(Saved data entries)
+ + + + +
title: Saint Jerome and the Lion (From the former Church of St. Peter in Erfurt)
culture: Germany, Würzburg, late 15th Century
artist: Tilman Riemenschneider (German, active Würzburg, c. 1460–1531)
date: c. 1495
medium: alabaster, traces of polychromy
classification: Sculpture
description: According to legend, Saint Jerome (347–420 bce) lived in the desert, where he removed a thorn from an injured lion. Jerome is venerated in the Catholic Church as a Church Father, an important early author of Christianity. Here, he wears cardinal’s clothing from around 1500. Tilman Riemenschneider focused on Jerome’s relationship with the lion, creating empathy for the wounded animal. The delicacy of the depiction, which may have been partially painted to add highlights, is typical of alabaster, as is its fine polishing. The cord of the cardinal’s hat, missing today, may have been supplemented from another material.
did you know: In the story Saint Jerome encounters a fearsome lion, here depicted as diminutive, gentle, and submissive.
+ + + + +
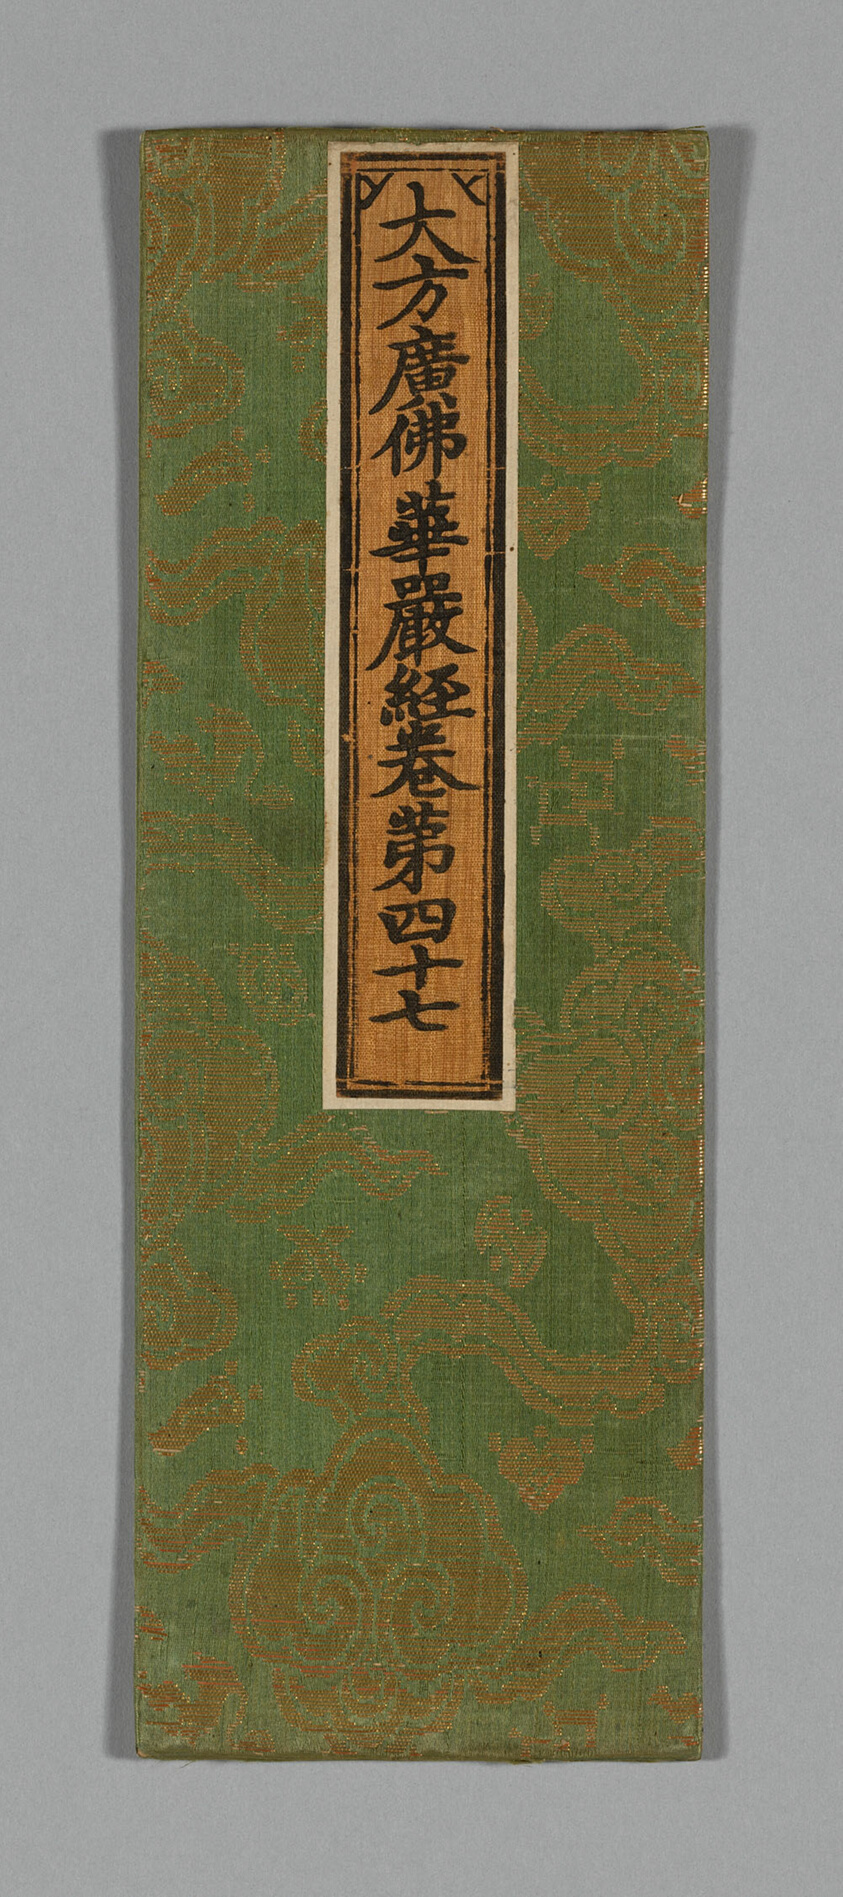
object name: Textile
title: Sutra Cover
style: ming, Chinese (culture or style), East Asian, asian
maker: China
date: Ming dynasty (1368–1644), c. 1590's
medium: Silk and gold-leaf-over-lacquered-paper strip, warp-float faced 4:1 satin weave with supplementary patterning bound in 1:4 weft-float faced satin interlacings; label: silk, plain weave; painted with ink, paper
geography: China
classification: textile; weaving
+ + + + +
What this task involves: Reproduce the entries above exactly, but only the lines between the line holding "title: Sutra Cover" and the line holding "classification: textile; weaving", inclusive.

Solution for this exercise:
title: Sutra Cover
style: ming, Chinese (culture or style), East Asian, asian
maker: China
date: Ming dynasty (1368–1644), c. 1590's
medium: Silk and gold-leaf-over-lacquered-paper strip, warp-float faced 4:1 satin weave with supplementary patterning bound in 1:4 weft-float faced satin interlacings; label: silk, plain weave; painted with ink, paper
geography: China
classification: textile; weaving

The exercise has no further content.